Task to complete
Pull out every line below holding the word "Mexico".

Extracted data
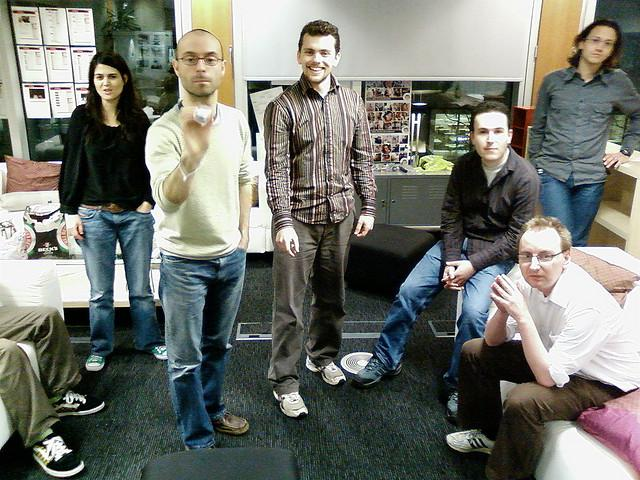Where is the group focusing their attention?

Choices:
A) poster
B) screen
C) speaker
D) performer screen 
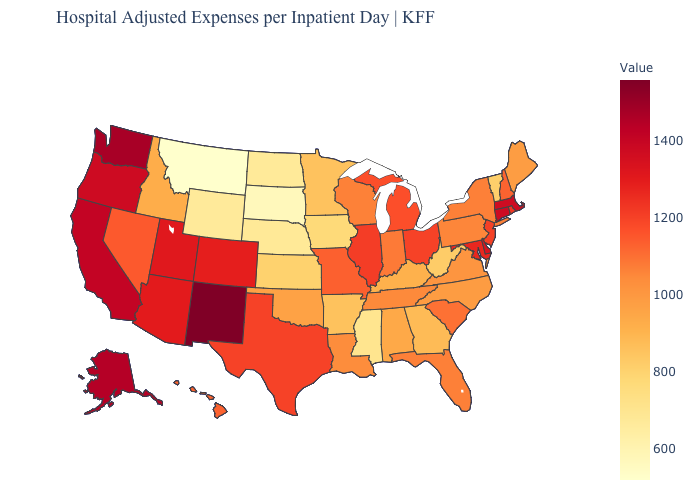Does Minnesota have the highest value in the USA?
Concise answer only. No. Which states have the lowest value in the USA?
Be succinct. Montana. Does the map have missing data?
Keep it brief. No. Does Nevada have the highest value in the USA?
Concise answer only. No. Which states have the highest value in the USA?
Concise answer only. New Mexico. Which states have the highest value in the USA?
Give a very brief answer. New Mexico. Among the states that border Illinois , which have the lowest value?
Give a very brief answer. Iowa. 
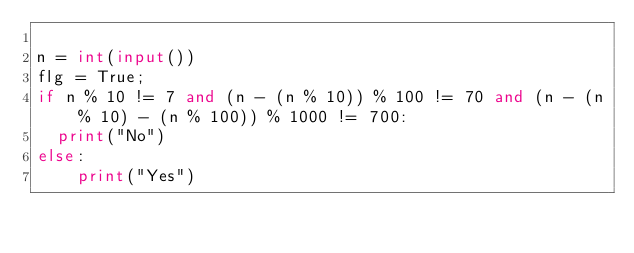<code> <loc_0><loc_0><loc_500><loc_500><_Python_>
n = int(input())
flg = True;
if n % 10 != 7 and (n - (n % 10)) % 100 != 70 and (n - (n % 10) - (n % 100)) % 1000 != 700:
  print("No")
else:
    print("Yes")</code>

Output for this exercise
Concise answer only. New Mexico. Which states have the highest value in the USA?
Give a very brief answer. New Mexico. Among the states that border Illinois , which have the lowest value?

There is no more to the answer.